8.5 C2C Supermarkets and Community Group Purchase: Channel Transformation

Traditional hypermarkets declining; community supermarkets (Hema, Yonghui) rising as premium channels; Douyin livestream commerce emerging as a volume driver (though with risk of price dilution); Duoduo Maicai penetrating tier-3/4 cities.

8.6 Group Catering (Institutions and Schools): Large Scale, Policy Uncertainty

The CNY 1.5 trillion group catering market remains a core demand source for prepared meals. However, the school canteen controversy creates policy risk for companies (like Huifa Foods) with high exposure to this sub-segment.

8.7 Instant Delivery: Frozen Food's Third Major Channel

~CNY 50 billion in 2025, growing 35%–40% YoY. Meituan Xiaoxiang Supermarket, Dingdong Maicai, and Hema Flash Delivery are the three leading platforms. The algorithmic flow preference for top brands creates an accelerating advantage for Anwell and Sanquan relative to smaller players.

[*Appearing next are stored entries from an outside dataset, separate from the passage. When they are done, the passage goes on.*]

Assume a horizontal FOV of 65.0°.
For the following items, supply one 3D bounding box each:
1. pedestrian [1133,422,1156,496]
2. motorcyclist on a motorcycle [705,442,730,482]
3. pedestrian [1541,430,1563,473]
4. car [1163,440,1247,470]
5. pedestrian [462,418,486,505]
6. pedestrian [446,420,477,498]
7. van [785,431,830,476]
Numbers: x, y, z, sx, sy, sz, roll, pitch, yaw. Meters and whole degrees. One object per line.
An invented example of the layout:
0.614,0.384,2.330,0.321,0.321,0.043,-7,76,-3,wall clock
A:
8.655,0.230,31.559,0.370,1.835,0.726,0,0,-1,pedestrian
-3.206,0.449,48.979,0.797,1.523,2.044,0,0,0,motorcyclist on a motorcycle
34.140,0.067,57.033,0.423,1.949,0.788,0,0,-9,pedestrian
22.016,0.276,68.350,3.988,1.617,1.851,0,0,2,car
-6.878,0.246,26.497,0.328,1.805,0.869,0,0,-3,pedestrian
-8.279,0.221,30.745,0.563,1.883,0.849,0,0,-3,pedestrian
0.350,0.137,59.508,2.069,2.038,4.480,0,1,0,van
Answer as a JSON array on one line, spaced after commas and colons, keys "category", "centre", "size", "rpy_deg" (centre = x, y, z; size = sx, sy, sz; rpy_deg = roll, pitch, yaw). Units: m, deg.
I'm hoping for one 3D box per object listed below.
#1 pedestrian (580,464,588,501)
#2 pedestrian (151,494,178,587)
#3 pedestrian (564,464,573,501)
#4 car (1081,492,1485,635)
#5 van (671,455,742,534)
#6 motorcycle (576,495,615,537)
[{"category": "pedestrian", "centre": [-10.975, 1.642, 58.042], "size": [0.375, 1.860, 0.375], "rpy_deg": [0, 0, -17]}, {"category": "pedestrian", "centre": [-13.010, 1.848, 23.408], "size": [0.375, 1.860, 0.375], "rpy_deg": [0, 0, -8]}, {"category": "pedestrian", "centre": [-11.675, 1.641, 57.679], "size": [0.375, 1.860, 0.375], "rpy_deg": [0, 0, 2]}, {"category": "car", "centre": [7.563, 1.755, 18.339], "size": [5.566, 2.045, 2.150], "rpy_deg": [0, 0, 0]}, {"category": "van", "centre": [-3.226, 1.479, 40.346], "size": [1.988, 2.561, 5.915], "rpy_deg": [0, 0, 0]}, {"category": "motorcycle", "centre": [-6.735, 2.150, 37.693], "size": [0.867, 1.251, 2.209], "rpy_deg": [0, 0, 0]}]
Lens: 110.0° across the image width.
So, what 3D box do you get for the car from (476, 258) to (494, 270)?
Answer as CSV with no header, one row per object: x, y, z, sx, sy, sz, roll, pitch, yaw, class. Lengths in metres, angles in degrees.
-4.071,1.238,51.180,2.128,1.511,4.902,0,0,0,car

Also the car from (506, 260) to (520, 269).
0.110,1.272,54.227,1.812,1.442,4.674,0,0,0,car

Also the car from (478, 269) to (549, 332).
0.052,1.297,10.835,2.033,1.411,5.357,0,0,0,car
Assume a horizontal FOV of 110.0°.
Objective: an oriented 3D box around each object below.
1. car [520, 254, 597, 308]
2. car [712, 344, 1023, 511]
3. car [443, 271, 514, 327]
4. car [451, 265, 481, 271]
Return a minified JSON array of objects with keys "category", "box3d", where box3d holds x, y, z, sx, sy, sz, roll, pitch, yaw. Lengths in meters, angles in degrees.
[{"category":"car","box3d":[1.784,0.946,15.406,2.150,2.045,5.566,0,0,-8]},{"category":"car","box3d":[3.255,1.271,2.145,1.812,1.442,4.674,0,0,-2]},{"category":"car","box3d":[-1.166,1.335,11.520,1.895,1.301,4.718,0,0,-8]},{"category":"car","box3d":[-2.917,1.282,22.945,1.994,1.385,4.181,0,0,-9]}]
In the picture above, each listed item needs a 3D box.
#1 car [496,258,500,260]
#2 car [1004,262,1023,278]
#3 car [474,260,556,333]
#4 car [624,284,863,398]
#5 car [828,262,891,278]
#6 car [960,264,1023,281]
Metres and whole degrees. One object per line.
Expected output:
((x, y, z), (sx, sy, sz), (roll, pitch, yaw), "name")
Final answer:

8.8 Frozen Bakery Dough and Cake: The Fastest-Growing New Niche

~CNY 10–12 billion market in 2025, growing 20%–25% YoY (3× the overall market rate). Key drivers: China's rapid coffee/bakery culture growth; chain coffee brands (Starbucks, Luckin, Tims) and tea/bakery brands (Heytea, Nayuki) with large frozen bakery ingredient procurement needs; convenience store hot food counters. Délifrance (frozen croissant dough specialist) serves as the global B2B model to emulate. Anwell entered this space via acquisitions.

8.9 Eight-Segment Comparative Assessment

Fastest growing (2025–2030 CAGR): Frozen bakery (20–25%) > Instant delivery frozen (30–35% channel growth) > Aquatic prepared meals (~15–18%).

Most profitable: B2B seasoning add-ons (Yihai, GM 35%–40%) > C2C premium semi-finished (Weizhixiang, GM ~20%–22%) > Frozen bakery (25%–30%).

Most competitive: Frozen flour-based (oligopoly) > Frozen hot pot (Anwell/Haixin dual oligopoly, but many tier-2/3 competitors) > B2B ordinary prepared dishes (low barriers, massive competition).

Highest policy risk: School group catering prepared meals.

Chapter 9 Technology Evolution: Quick-Freeze Liquid Nitrogen, Sterilization, Digital Central Kitchens, Cold Chain IoT, Health Innovation, AI Food R&D — Four-Dimensional Assessment

9.1 Freezing Technology: From Mechanical Tunnels to Liquid Nitrogen

Mechanical tunnel freezing: -30°C to -40°C, 30–60 minutes, adequate for most products. Liquid nitrogen ultra-rapid freezing: -196°C, 1–5 minutes, produces smaller ice crystals and dramatically better texture for premium fish paste and raw meat products. Ultrasonic-assisted freezing: Reduces ice crystal size through ultrasonic vibration + mechanical refrigeration. CAS magnetic resonance freezing: Japanese technology that uses magnetic fields to keep water molecules vibrating during freezing, reducing ice crystal formation.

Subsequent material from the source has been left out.